| PROBLEM TO SOLVE |
Below are the entries; output exactly the lines from the one containing "picture [41, 47, 231, 172]" through the final line, inclusive.

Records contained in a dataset
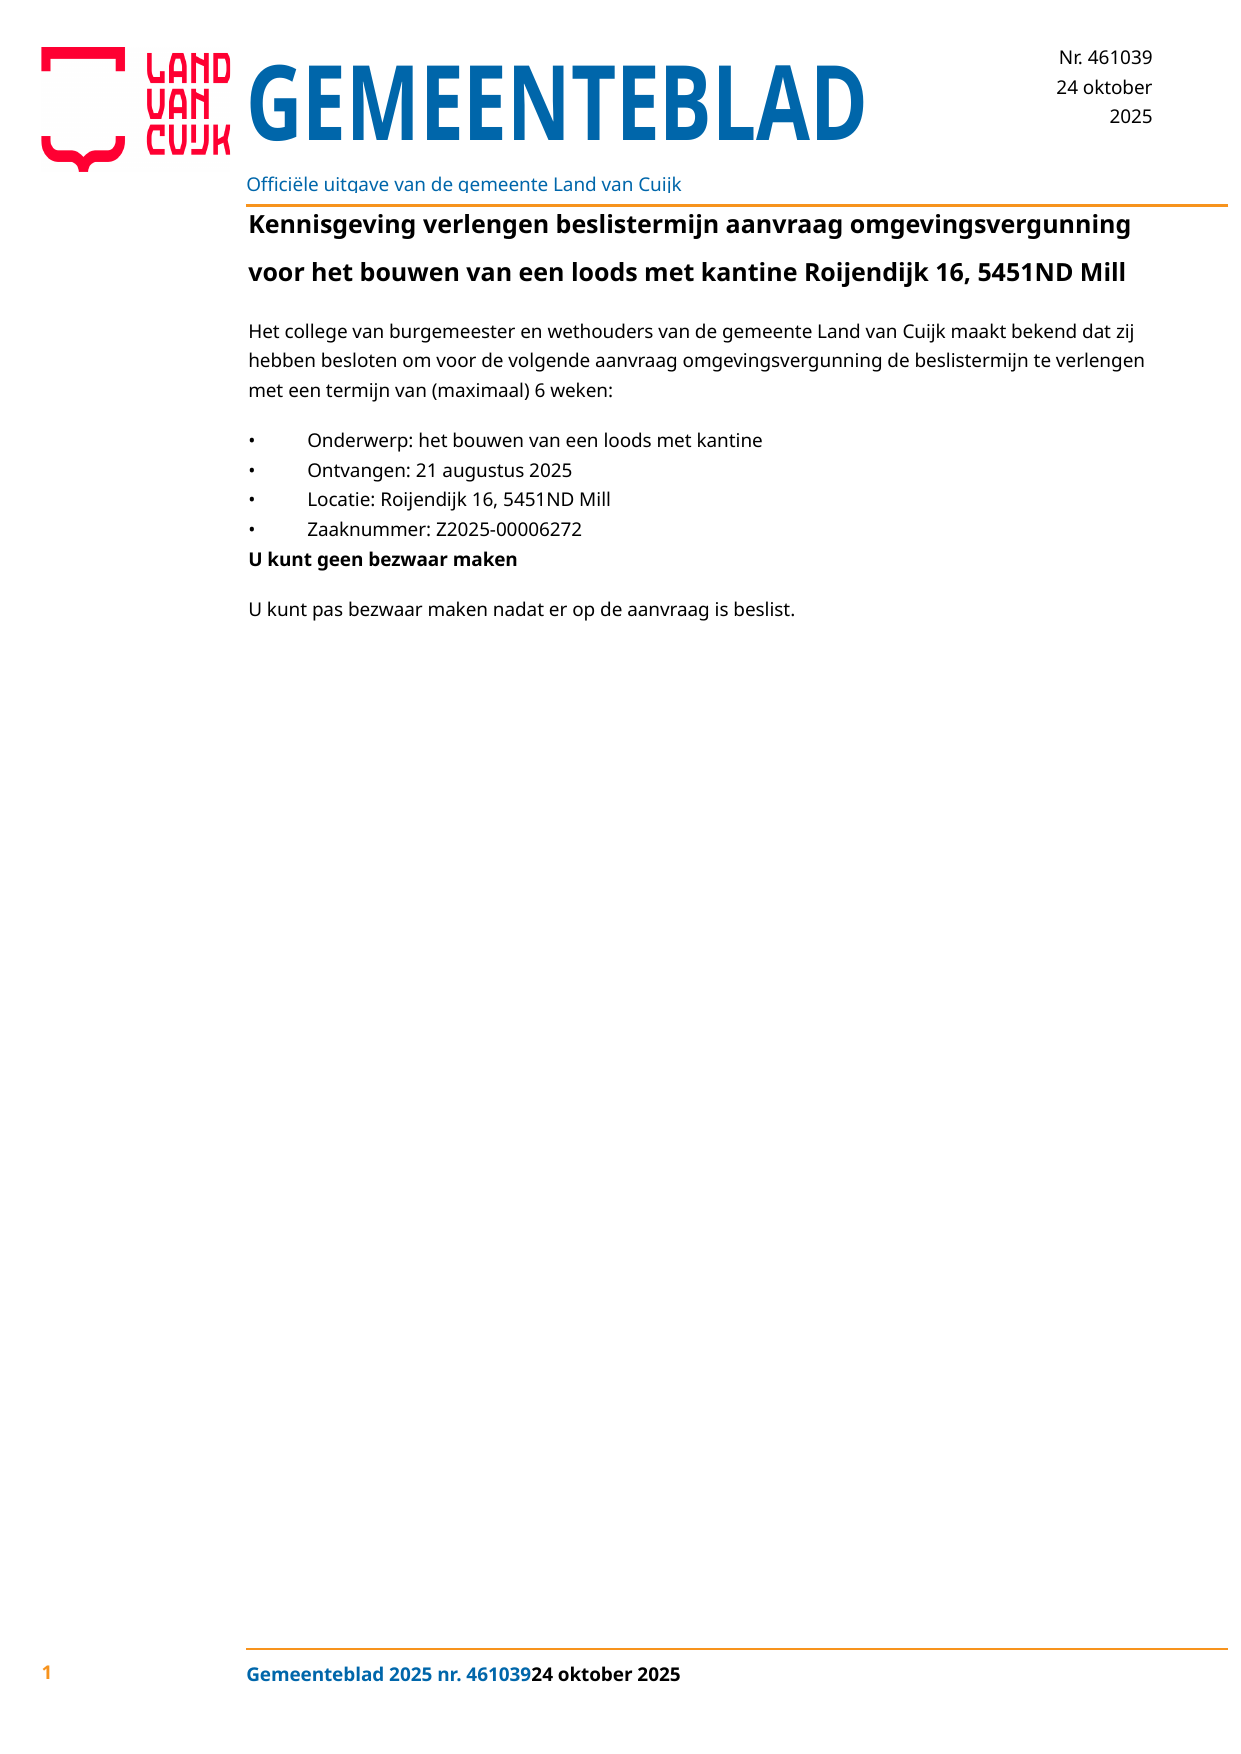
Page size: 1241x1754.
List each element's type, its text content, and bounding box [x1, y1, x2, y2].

text U kunt geen bezwaar maken [248, 546, 1152, 572]
list Ontvangen: 21 augustus 2025 [248, 457, 1152, 483]
list Onderwerp: het bouwen van een loods met kantine [248, 427, 1152, 453]
text Het college van burgemeester en wethouders van de gemeente Land van Cuijk maakt bekend dat zij hebben besloten om voor de volgende aanvraag omgevingsvergunning de beslistermijn te verlengen met een termijn van (maximaal) 6 weken: [248, 318, 1152, 403]
picture [41, 47, 231, 172]
list Zaaknummer: Z2025-00006272 [248, 516, 1152, 542]
text Kennisgeving verlengen beslistermijn aanvraag omgevingsvergunning voor het bouwen van een loods met kantine Roijendijk 16, 5451ND Mill [248, 207, 1152, 288]
list Locatie: Roijendijk 16, 5451ND Mill [248, 487, 1152, 512]
text U kunt pas bezwaar maken nadat er op de aanvraag is beslist. [248, 596, 1152, 622]

| SOLUTION TO THE PROBLEM |
picture [41, 47, 231, 172]
list Zaaknummer: Z2025-00006272 [248, 516, 1152, 542]
text Kennisgeving verlengen beslistermijn aanvraag omgevingsvergunning voor het bouwen van een loods met kantine Roijendijk 16, 5451ND Mill [248, 207, 1152, 288]
list Locatie: Roijendijk 16, 5451ND Mill [248, 487, 1152, 512]
text U kunt pas bezwaar maken nadat er op de aanvraag is beslist. [248, 596, 1152, 622]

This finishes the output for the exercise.